Оба председателя были фронтовиками, мой сокамерник всю войну провел в разведке, и убрать стукача для них не составляло труда. Пистолет кто-то из них сохранил. Ночью они подстерегли бдительного сторожа, подстрелили его, пистолет бросили в реку – никаких следов после себя они не оставили. Но власти не сомневались, кто убил их верного слугу. И арестовали двух председателей. Не знаю, что бы получилось у следователей: председатели были ребята битые, верные, улик никаких не было… Но какой-то дотошный следователь поймал их на старой легенде…
– Фиг бы они добились чего!.. Но понимаешь, было ещё светло, когда я к нему подошел, он обернулся, посмотрел на меня, тут я и выстрелил. Я у него в глазах и отпечатался…
– Как это отпечатался? Так не бывает!
– Да как это не бывает? Ты разве не знаешь, что если человека убить, то у него в глазах так и отпечатывается лицо, что перед ним… Следователь мне кидает на стол снимок его головы – большой такой снимок, с половину этого стола, и кричит мне – смотри ему в глаза! Гляжу: а там – я… Мое лицо… Ну, тут уж деваться некуда, пришлось рассказать, за что я его хлопнул…
Убийство стукача было, естественно, расценено как террор против представителя власти. Второму председателю – как соучастнику – дали двадцать пять, а убийце – расстрел. Но колхозники посылали специальную делегацию в Москву просить за своего председателя. И – просидев три месяца в смертной камере – он дождался замены расстрела двадцатью пятью годами.
Я объяснил ему, что вся эта история с глазом, где запечатлевается убийца, – байка и что следователь его поймал на самом примитивном трюке, которым балуются начинающие фотолюбители… Жалею, что сделал это. Председатель впал в отчаяние, он не мог себе простить, что дал возможность щенку-следователю, пороху никогда не нюхавшему, обвести вокруг пальца такого опытного разведчика, как он!.. Все два месяца до отправки в этап, он был совершенно неутешен…
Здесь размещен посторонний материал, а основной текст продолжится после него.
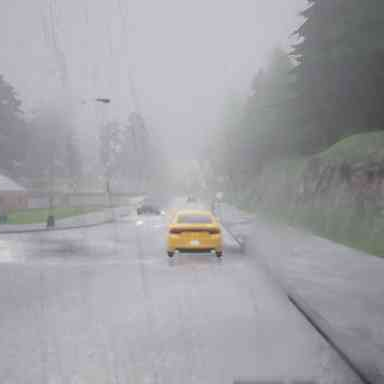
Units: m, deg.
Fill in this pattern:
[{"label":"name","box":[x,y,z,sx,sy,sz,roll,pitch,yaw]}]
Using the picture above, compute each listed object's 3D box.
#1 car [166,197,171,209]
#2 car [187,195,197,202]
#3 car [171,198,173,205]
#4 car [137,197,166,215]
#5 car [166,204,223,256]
[{"label":"car","box":[-4.084,1.475,42.219,1.994,1.385,4.181,0,0,0]},{"label":"car","box":[-0.012,1.394,69.571,2.033,1.411,5.357,0,0,0]},{"label":"car","box":[-4.014,1.454,52.228,1.994,1.385,4.181,0,0,0]},{"label":"car","box":[-4.101,1.283,32.900,2.097,1.767,4.553,0,0,0]},{"label":"car","box":[0.098,1.450,13.036,1.882,1.535,5.008,0,0,0]}]

Было ещё в камере несколько человек сектантов: не то евангелистов, не то адвентистов, не то иеговистов… Это было время, когда ереси и сектантство искореняли более усердно, нежели при Победоносцеве. Сектанты были тихими людьми, веру свою наследовали от родителей и дедов, они не проявляли никакого желания вербовать других в свои секты и в тюрьме сидели терпеливо, молча, с убеждением, что страдают они за веру, и это им, безусловно, зачтется на том свете.